Items from a data source
::::::::::
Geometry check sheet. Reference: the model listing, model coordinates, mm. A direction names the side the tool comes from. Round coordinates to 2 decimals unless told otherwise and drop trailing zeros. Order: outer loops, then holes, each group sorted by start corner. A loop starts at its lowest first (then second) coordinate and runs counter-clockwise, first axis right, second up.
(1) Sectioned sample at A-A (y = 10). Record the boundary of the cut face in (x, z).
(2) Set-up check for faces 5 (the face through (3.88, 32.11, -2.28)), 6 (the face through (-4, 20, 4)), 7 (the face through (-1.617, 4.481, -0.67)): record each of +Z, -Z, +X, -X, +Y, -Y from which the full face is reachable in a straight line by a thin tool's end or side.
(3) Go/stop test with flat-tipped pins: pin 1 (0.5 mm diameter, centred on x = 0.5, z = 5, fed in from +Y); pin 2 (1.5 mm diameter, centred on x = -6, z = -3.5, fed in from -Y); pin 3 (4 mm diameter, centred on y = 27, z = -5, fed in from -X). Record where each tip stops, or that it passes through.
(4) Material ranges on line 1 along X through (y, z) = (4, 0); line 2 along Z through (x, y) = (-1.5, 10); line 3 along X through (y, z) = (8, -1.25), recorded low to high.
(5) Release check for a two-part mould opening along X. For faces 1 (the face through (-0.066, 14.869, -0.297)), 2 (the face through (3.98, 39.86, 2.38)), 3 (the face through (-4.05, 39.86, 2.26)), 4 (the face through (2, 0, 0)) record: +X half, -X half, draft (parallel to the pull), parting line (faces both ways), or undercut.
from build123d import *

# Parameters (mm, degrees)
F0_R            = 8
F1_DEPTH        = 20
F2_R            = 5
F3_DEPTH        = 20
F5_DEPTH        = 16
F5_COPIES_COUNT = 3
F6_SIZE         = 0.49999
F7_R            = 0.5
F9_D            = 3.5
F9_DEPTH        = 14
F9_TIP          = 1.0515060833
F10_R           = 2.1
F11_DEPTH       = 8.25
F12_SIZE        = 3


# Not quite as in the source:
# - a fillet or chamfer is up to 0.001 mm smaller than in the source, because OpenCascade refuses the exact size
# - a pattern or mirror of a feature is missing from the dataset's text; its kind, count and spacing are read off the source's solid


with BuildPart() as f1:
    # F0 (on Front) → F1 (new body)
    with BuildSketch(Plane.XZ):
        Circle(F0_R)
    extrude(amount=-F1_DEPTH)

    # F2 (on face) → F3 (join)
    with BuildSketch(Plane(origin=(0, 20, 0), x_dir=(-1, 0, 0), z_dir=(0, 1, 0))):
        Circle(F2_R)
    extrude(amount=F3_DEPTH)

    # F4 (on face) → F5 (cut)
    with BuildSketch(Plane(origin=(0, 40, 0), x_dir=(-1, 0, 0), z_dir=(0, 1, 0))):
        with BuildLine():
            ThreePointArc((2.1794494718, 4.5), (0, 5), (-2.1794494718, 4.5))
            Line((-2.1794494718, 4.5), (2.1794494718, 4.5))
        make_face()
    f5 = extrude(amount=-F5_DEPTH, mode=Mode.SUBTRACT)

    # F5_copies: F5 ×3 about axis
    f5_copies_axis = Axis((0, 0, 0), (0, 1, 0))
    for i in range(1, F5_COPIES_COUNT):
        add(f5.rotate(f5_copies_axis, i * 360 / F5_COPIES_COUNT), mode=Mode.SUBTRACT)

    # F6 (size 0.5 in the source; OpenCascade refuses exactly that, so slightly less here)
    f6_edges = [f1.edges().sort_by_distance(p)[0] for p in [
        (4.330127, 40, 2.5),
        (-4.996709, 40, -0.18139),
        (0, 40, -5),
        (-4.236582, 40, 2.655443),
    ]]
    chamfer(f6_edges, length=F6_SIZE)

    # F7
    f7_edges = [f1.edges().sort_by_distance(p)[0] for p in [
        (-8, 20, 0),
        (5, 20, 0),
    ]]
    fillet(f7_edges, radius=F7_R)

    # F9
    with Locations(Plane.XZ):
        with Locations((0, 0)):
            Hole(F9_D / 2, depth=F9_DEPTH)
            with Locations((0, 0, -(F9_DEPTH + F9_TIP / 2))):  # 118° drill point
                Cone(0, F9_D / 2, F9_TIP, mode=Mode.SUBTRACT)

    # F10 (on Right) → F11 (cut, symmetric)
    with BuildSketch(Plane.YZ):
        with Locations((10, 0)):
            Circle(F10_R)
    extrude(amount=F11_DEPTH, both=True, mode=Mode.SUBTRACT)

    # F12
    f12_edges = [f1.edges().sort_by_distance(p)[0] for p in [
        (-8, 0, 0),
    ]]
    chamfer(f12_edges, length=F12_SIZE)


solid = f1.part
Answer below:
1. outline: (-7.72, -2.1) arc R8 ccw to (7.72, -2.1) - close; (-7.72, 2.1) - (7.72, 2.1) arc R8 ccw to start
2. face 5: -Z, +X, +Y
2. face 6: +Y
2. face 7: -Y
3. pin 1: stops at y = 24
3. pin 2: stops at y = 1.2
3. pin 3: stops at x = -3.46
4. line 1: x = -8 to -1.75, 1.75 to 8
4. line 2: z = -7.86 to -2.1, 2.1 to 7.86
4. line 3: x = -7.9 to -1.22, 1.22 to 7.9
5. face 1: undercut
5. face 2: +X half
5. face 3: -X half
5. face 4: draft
::::::::::
Your assignment |
For the string "chamfer", filter the data and copy out each line where it occurs.

Worked solution |
# - a fillet or chamfer is up to 0.001 mm smaller than in the source, because OpenCascade refuses the exact size
    chamfer(f6_edges, length=F6_SIZE)
    chamfer(f12_edges, length=F12_SIZE)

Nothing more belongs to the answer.